Video Quality / Sound Quality
I need to preface the Video Quality section by saying that I am definitely picky when it comes to video. I tend to notice almost all visible imperfections in any video signal. The Video Quality is good, but I have definitely seen higher quality video on the iPhone. It is smooth and definitely watchable, but a few video compression artifacts can be seen, even with the best of connections. Don’t expect the quality to come close to a TV show or movie that you download from iTunes, but it definitely does the job. It is smooth, and does not seem to have the audio / video syncing issues that I have seen with previous versions of Sling Player Mobile for other platforms. I tested this app using a Verizon FiOS connection to upload the signal from the Sling Box, so there is definitely no bottleneck there. I almost always use the Sling Player to stream live sports, and I enjoyed watching the programming on my iPhone very much. When compared to the Sling Player for the BlackBerry Bold, I would say the video quality is slightly better on the Bold’s sling player (over 3G or WiFi) than the iPhone (WiFi only). As far as sound quality, it is near perfect. The iPhone 3G’s speaker was plenty loud enough, and you can hear details that are often washed out on other mobile devices.
This is a HUGE issue with the piece of software. One of the main reasons to have the Slingplayer Mobile for any other device is the fact that it allows you to watch video ANYWHERE you want. Apple and AT&T have decided to limit streaming to WiFi only, thus blocking access to AT&T’s 3G network for streaming. AT&T claims that its Terms of Service specifically limit “Slinging” of a TV signal to devices such as the iPhone. This is a hard pill to swallow to Slingbox fans, because EVERY OTHER device compatible with Sling Player Mobile allows access to the cellular network for streaming, including many devices on AT&T’s network like the BlackBerry Bold. AT&T iPhone users do have access to over 20,000 WiFi Hotspots for free, which includes Starbucks, and many Hotels and Airports. So that makes things a little bit better, but not having 3G streaming is a deal breaker for many. AT&T has received a lot of bad PR for this from sites like Engadget, so time will tell if they hold this position.

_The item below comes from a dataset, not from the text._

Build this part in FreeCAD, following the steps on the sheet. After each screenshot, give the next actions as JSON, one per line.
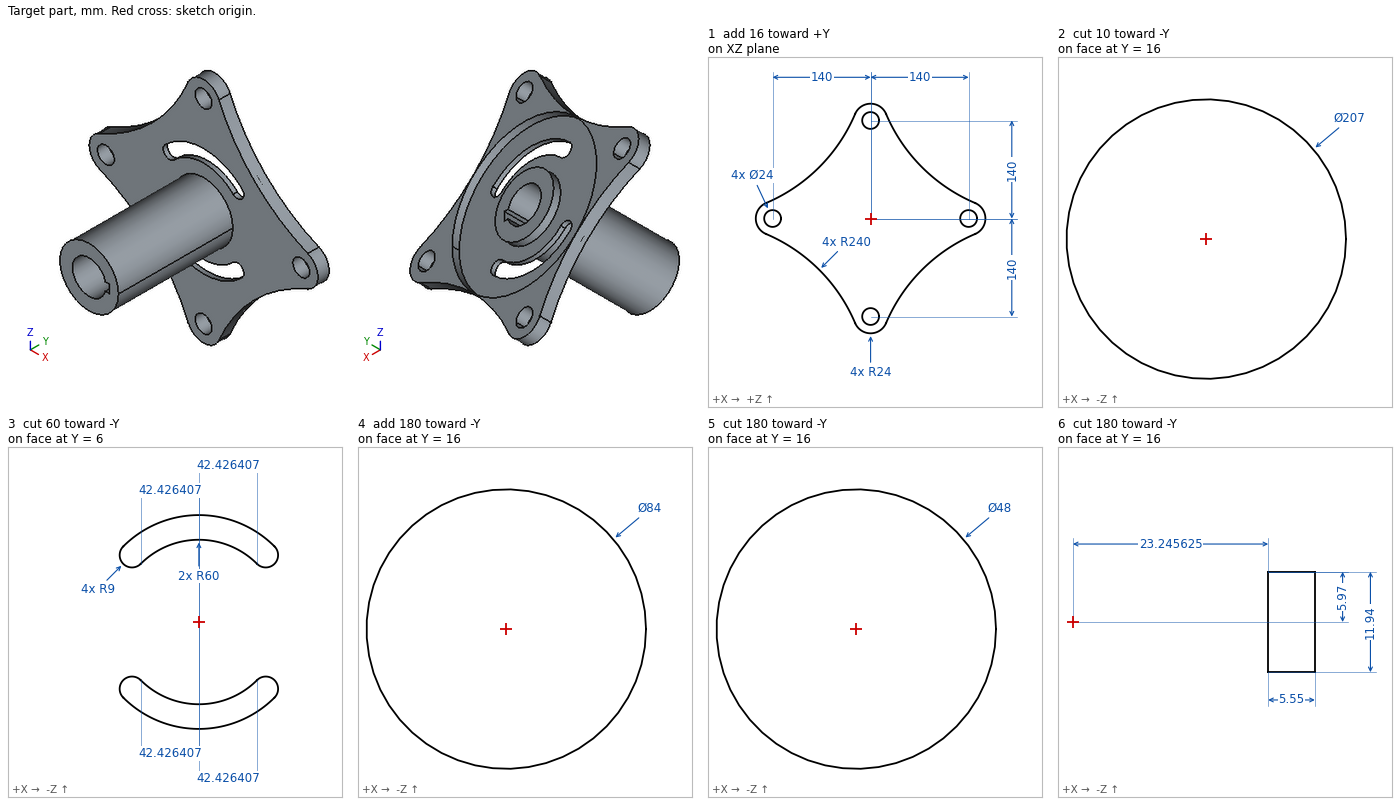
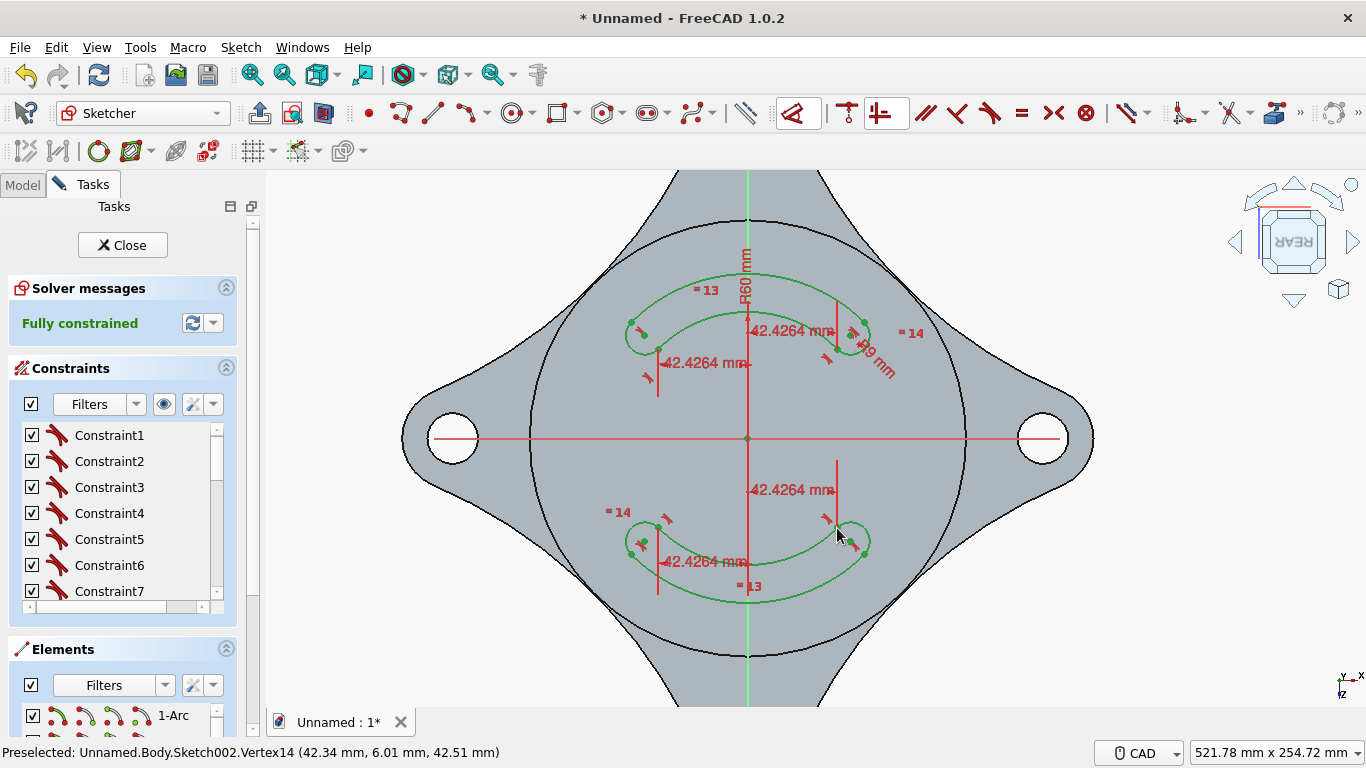
{"action": "left_click", "coordinate": [123, 245]}

Sling is asking $29.99 for this piece of software, which seems expensive since it is WiFi only. It is the same price they ask for the Windows Mobile and BlackBerry versions, which also allow 3G streaming. But being limited to WiFi only inherently gives the app less value since it limits the places where you can “Sling”. I understand a lot of development costs went into this app, and $29.99 is a small price to pay to get your home TV on your mobile device, but unless you are regularly in an area in range of WiFi in the places that you need to Sling it is, again, a hard pill to swallow.
The Sling Player Mobile application is an excellent app, with an outstanding user interface. The Video Quality, while not amazing, does the job and the app provides an overall enjoyable experience. It allows full control of your home TV - using WiFi. If you have a WiFi connection in the places where you need to Sling, I wholeheartedly recommend this app.